M. Scheer a appuyé publiquement la tentative de M. Ford de devenir le prochain premier ministre de l’Ontario, surtout avec la possibilité que le NPD soit l’alternative.

«J’ai vécu sous le NPD ici en Ontario et en Saskatchewan, je sais à quel point leurs politiques sont terribles pour une province, je pense qu’il est assez clair que le meilleur choix est Doug Ford», a déclaré M. Scheer aux journalistes la semaine dernière à Ottawa.

Pendant ce temps, la campagne de la chef du NPD provincial Andrea Horwath a été fortement soutenue par le parti fédéral.

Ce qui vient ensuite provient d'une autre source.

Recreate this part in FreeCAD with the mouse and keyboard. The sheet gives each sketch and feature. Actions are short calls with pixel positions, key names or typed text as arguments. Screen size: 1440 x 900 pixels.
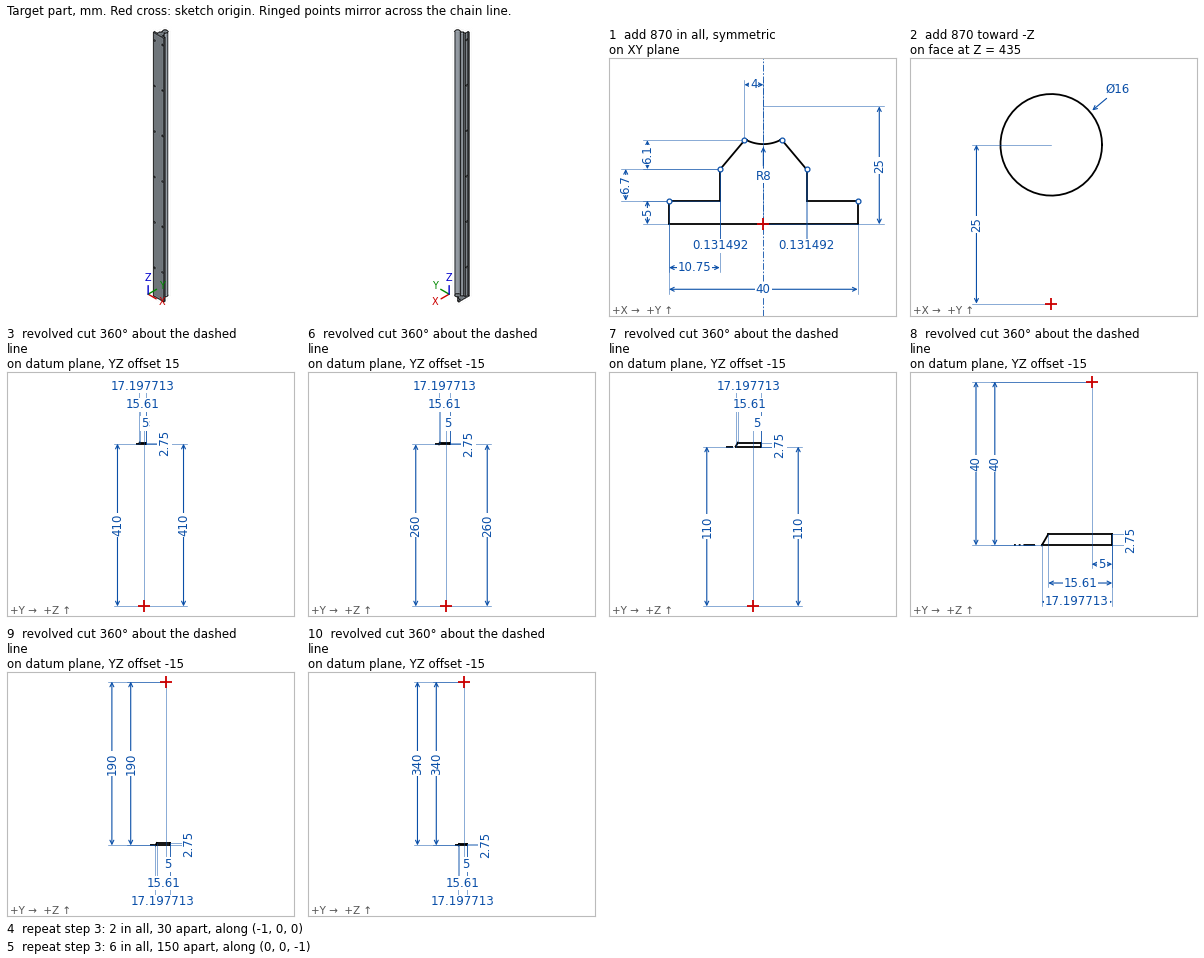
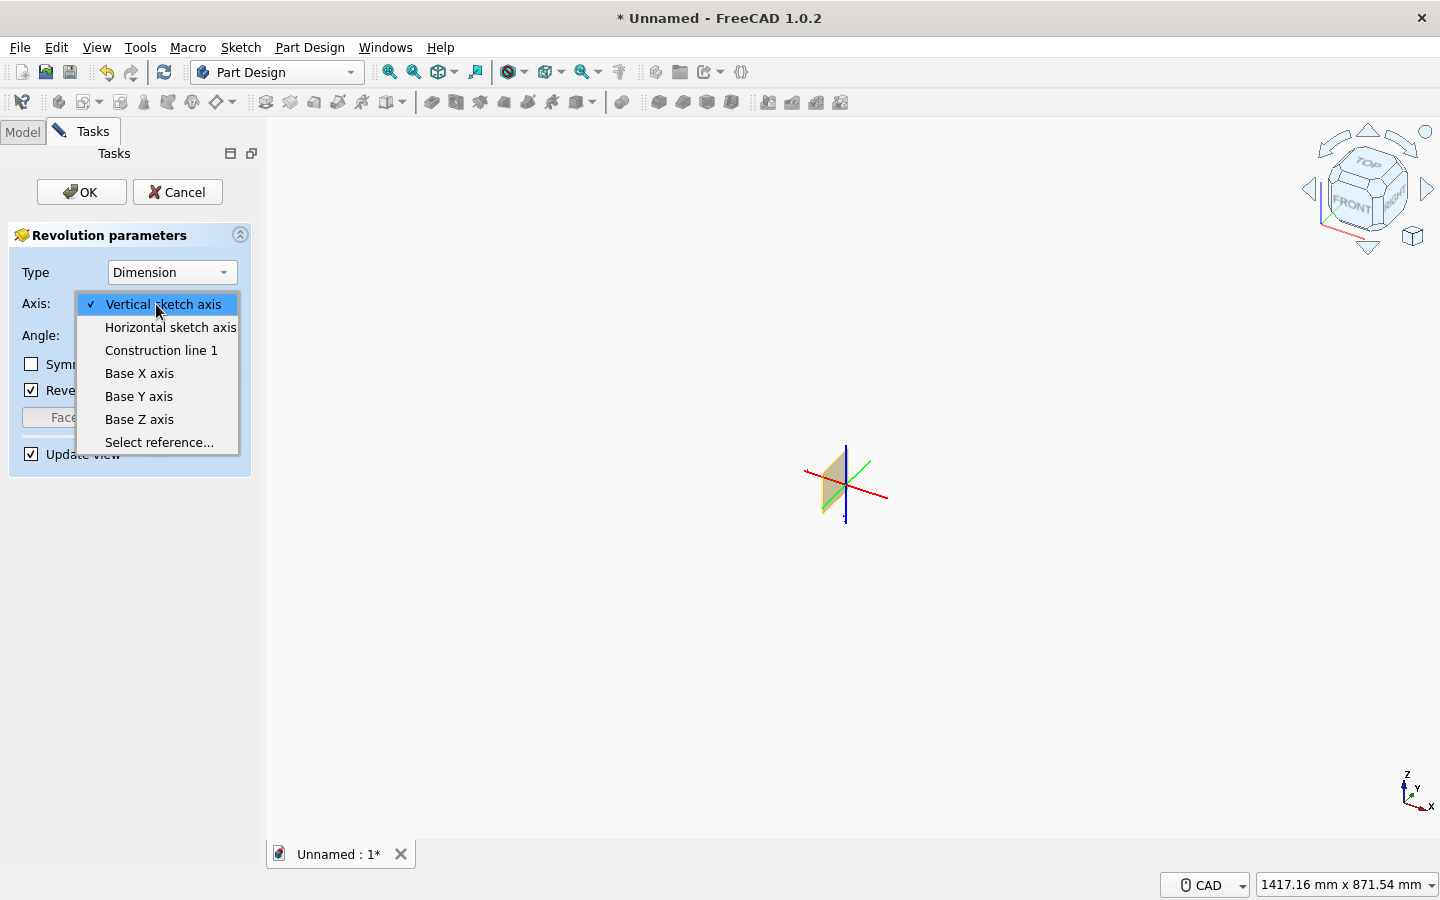
click(156, 350)
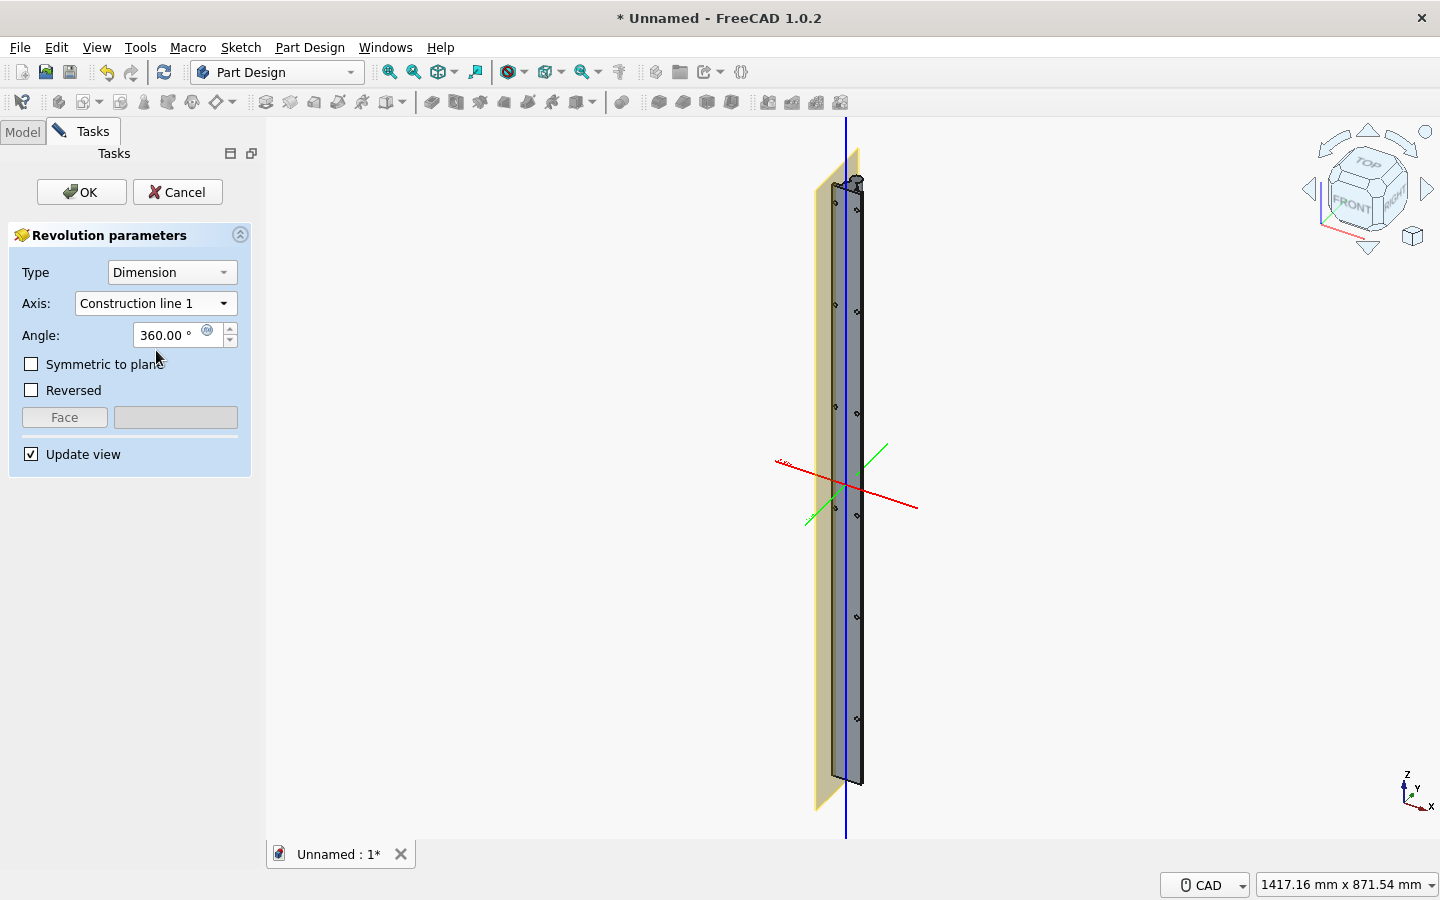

Non seulement le leader fédéral Jagmeet Singh a-t-il fait campagne dans plusieurs circonscriptions ontariennes, comme d’autres députés néo-démocrates de haut niveau, mais la salle de guerre du NPD est remplie de militants expérimentés d’élections à travers le pays.

La possibilité d’élire des députés néo-démocrates à la législature ne peut que profiter au parti fédéral à l’aube de sa propre course en 2019, car cela peut servir de tremplin pour un succès fédéral dans une province riche en sièges, a déclaré Karl Bélanger, l’ancien directeur national du NPD et l’actuel président de la Fondation Douglas-Coldwell.

Bien que plusieurs considèrent la course de l’Ontario comme une répétition générale en vue élections fédérales d’octobre 2019, M. Bélanger a souligné que chaque campagne a sa propre dynamique et que celle-ci présente des différences importantes.

Le gouvernement libéral de Mme Wynne est au pouvoir depuis 15 ans et s’est battu à contre-courant pour tenter de convaincre les électeurs de la soutenir.

M. Trudeau, quant à lui, en est encore à son premier mandat, et les électeurs évincent rarement les gouvernements fédéraux après un seul mandat.

Pourtant, il y a des inquiétudes que les niveaux élevés d’impopularité de Mme Wynne puissent nuire au sort des députés libéraux en Ontario lorsque les électeurs seront appelés aux urnes en 2019.

«Plusieurs électeurs ne voient pas une grande différence entre les partis fédéral et provinciaux», a expliqué M. MacEachern.

Alternativement, une victoire de M. Ford pourrait aider les candidats conservateurs fédéraux de l’Ontario qui cherchent à percer en 2019, croit Tim Powers, un stratège conservateur et vice-président de Summa Strategies.

Avec une attention accrue apportée au microciblage dans les campagnes politiques, les partis fédéraux mesureront sans aucun doute de près les messages qui résonnent avec certains groupes d’électeurs dans des domaines clés, a souligné M. Power.

«(Ils verront) quels types de messages - à la fois les bons et les mauvais, ce qui a fonctionné et ce qui n’a pas fonctionné et qu’est-ce que le parti fédéral peut apprendre à ne pas faire, qu’est-ce qu’il peut apprendre à bien faire».

«Chaque élection est un laboratoire et à moins que vous ne soyez pas curieux, et la plupart des politiciens sont vraiment curieux, alors vous voulez faire attention et apprendre de tout cela, et les conservateurs fédéraux chercheront à apprendre de tout ça et des conservateurs provinciaux quand 2019 arrivera.»